[Exercise prompt]
Begin at the line below that has "5) truck (1499, 577, 1588, 683)" and stop after the line that has "18) car (1638, 636, 1702, 680)". Please restate only those lines, word for word.

=== Provided data ===

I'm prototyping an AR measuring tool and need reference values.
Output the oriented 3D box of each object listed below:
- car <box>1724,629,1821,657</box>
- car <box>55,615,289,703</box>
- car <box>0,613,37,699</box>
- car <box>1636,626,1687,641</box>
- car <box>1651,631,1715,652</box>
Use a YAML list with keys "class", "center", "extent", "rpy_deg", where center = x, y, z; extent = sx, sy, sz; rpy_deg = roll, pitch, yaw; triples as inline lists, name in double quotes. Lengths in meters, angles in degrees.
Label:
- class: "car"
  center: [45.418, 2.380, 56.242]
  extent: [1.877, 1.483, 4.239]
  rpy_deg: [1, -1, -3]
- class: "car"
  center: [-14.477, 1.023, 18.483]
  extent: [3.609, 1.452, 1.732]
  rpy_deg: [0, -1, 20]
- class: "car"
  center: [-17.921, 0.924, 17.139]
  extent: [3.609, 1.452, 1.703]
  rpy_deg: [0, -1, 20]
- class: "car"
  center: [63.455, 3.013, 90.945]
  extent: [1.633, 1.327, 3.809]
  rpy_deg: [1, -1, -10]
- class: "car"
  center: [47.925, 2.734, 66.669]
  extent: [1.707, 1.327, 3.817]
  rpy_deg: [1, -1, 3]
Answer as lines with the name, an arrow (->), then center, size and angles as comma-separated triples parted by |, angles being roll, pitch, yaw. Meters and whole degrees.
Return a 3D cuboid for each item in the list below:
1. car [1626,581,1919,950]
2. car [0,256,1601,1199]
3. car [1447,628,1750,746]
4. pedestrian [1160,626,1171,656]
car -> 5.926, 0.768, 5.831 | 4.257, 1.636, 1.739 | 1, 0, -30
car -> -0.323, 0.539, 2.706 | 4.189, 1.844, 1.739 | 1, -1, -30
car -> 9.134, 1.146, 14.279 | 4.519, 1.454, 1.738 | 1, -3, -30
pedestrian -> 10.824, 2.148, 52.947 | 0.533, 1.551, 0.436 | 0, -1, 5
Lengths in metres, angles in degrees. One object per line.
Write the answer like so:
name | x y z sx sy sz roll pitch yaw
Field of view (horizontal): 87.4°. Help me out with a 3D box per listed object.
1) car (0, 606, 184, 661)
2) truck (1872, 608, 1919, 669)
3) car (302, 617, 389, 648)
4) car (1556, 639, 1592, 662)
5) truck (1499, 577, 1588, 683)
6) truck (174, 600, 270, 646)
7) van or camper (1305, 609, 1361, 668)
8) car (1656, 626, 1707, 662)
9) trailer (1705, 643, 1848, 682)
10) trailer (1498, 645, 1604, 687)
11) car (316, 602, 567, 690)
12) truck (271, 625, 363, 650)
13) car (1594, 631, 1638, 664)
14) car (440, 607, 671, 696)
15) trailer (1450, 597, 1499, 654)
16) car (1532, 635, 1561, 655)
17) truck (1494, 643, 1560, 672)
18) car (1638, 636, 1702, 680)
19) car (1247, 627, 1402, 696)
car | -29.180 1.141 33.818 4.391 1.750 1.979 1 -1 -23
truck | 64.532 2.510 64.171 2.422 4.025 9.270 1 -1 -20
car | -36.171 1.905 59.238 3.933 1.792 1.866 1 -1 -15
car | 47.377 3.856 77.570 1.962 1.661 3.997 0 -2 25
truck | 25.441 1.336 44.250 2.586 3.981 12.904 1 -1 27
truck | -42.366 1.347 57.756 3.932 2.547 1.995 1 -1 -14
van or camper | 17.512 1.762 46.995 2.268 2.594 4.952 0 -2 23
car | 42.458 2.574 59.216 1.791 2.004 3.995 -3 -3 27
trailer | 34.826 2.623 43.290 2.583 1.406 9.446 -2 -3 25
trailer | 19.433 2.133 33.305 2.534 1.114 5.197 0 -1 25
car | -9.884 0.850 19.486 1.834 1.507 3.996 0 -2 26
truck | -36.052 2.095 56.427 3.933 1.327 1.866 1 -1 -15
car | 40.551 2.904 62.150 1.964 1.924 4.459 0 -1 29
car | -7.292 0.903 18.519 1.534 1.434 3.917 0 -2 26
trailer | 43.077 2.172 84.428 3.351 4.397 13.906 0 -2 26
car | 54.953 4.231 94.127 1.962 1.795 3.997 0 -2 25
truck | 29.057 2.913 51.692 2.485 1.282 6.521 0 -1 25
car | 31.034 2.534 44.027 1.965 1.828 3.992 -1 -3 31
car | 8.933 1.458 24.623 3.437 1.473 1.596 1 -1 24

===

[Reply to the task]
5) truck (1499, 577, 1588, 683)
6) truck (174, 600, 270, 646)
7) van or camper (1305, 609, 1361, 668)
8) car (1656, 626, 1707, 662)
9) trailer (1705, 643, 1848, 682)
10) trailer (1498, 645, 1604, 687)
11) car (316, 602, 567, 690)
12) truck (271, 625, 363, 650)
13) car (1594, 631, 1638, 664)
14) car (440, 607, 671, 696)
15) trailer (1450, 597, 1499, 654)
16) car (1532, 635, 1561, 655)
17) truck (1494, 643, 1560, 672)
18) car (1638, 636, 1702, 680)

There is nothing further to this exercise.